When initializing a Bacalhau node, the system determines its configuration by following a specific hierarchy. First, it checks the default settings, then the `config.yaml` file, followed by environment variables, and finally, any command line flags specified during execution. Configurations are set and overridden in that sequence. This layered approach allows the default Bacalhau settings to provide a baseline, while environment variables and command-line flags offer added flexibility. However, the `config.yaml` file offers a reliable way to predefine all necessary settings before node creation across environments, ensuring consistency and ease of management.

Modifications to the `config.yaml` file are not dynamically applied to existing nodes. A restart of the Bacalhau node is required for any changes to take effect.

Your `config.yaml` file starts off empty. However, you can see all available settings using the following command

bacalhau config list

This command showcases over a hundred configuration parameters related to users, security, metrics, updates, and node configuration, providing a comprehensive overview of the customization options available for your Bacalhau setup.

Let’s go through the different options and how your configuration file is structured.

Config.yaml Structure

The `bacalhau config list` command displays your configuration paths, segmented with periods to indicate each part you are configuring.

Consider these configuration settings; `user.installationid`, `node.name`, `node.compute.executionstore.path`, `node.compute.executionstore.type`, `node.requester.jobstore.type`, and `node.requester.jobstore.path`. These settings help set an identifier tag for your Bacalhau user and node then establish storage options for your jobs and execution results.

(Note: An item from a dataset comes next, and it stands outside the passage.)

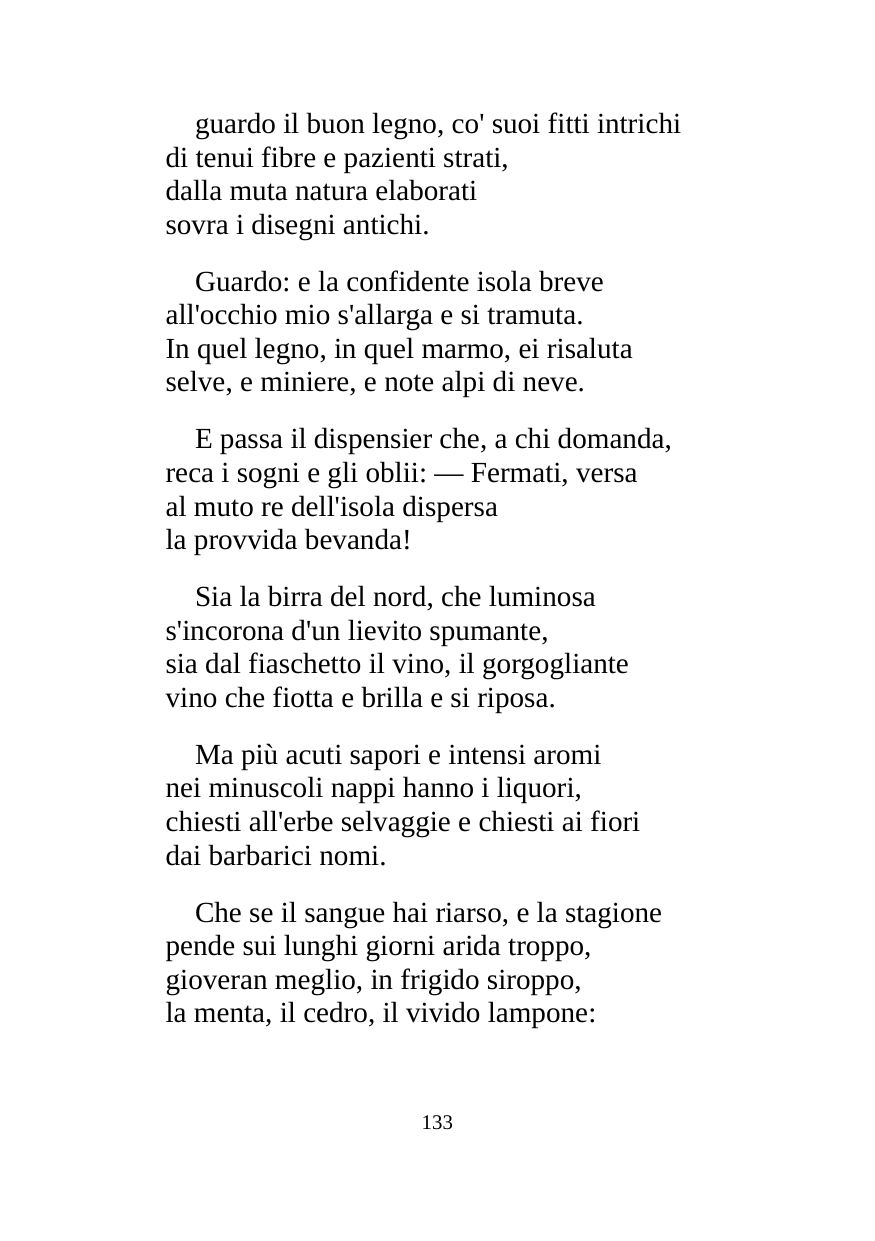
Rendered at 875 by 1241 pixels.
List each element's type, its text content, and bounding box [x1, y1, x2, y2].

In your `config.yaml`, these settings will be formatted like this:

node:
    compute:
        executionstore:
            Type: BoltDB
            Path: /home/soot3/.bacalhau/compute_store/executions.db
    name: n-716571d4-b6bd-40ed-a9b1-fd25662979ad
    requester:
        jobstore:
            Type: BoltDB
            Path: /home/soot3/.bacalhau/orchestrator_store/jobs.db
user:
    installationid: 60d292e8-58f7-4019-8031-90955c431a26

Your yaml file hierarchy follows the period delineation - node > compute > executionstore > type for `node.compute.executionstore.type`.

Configuration Options

Here are your Bacalhau configuration options in alphabetical order

Configuration OptionDescription

auth.accesspolicypath

String path to where your security policy is stored

auth.methods

Set authentication method for your Bacalhau network

auth.tokenspath

String path to where your security token is stored

metrics.eventtracerpath

For observability, the path to your event trace records

node.allowlistedlocalpaths

A list of the local paths that should be allowed to be mounted into jobs within your network

node.clientapi.clienttls.cacert

The location of your node client’s chosen Certificate Authority certificate file when self-signed certificates are used

node.clientapi.clienttls.insecure

Boolean binary indicating if the client TLS is insecure, when true instructs the client to use HTTPS (TLS), but not to attempt to verify the certificate

node.clientapi.clienttls.usetls

Boolean indicating if TLS should be used for client connections

node.clientapi.host

The host for the client and server to communicate on (via REST). Ignored if BACALHAU_API_HOST environment variable is set

node.clientapi.port

The port for the client and server to communicate on (via REST). Ignored if BACALHAU_API_PORT environment variable is set

node.clientapi.tls.autocert

Hostname for a certificate to be automatically obtained via ACME

node.clientapi.tls.autocertcachepath

The directory where the autocert process will cache certificates to avoid rate limits

node.clientapi.tls.selfsigned

Boolean indicating if a self-signed security certificate is being used

node.clientapi.tls.servercertificate

The location of a TLS certificate to be used by the requester to serve TLS requests

node.clientapi.tls.serverkey

The TLS server key to match the certificate to allow the requester to serve TLS

node.compute.capacity.defaultjobresourcelimits.cpu

Sets default CPU resource limits for jobs on your Compute node

node.compute.capacity.defaultjobresourcelimits.disk

Sets default disk resource limits for jobs on your Compute node

node.compute.capacity.defaultjobresourcelimits.gpu

Sets default GPU resource limits for jobs on your Compute node

node.compute.capacity.defaultjobresourcelimits.memory

Sets default memory resource limits for jobs on your Compute node

node.compute.capacity.ignorephysicalresourcelimits

Boolean that tells the compute node to ignore its physical resource limits when true

node.compute.capacity.jobresourcelimits.cpu

Sets the specific per job amount of CPU the system can use at one time

node.compute.capacity.jobresourcelimits.disk

Sets the specific per job amount of disk the system can use at one time

node.compute.capacity.jobresourcelimits.gpu

Sets the specific per job amount of GPU the system can use at one time

node.compute.capacity.jobresourcelimits.memory

Sets the specific per job amount of memory the system can use at one time

node.compute.capacity.totalresourcelimits.cpu

Total amount of CPU the system can use at one time in aggregate for all jobs

node.compute.capacity.totalresourcelimits.disk

Total amount of disk the system can use at one time in aggregate for all jobs

node.compute.capacity.totalresourcelimits.gpu

Total amount of GPU the system can use at one time in aggregate for all jobs

node.compute.capacity.totalresourcelimits.memory

Total amount of memory the system can use at one time in aggregate for all jobs

node.compute.controlplanesettings.heartbeatfrequency

How often the compute node will send a heartbeat to the requester node to let it know that the compute node is still alive. This should be less than the requester's configured heartbeat timeout to avoid flapping.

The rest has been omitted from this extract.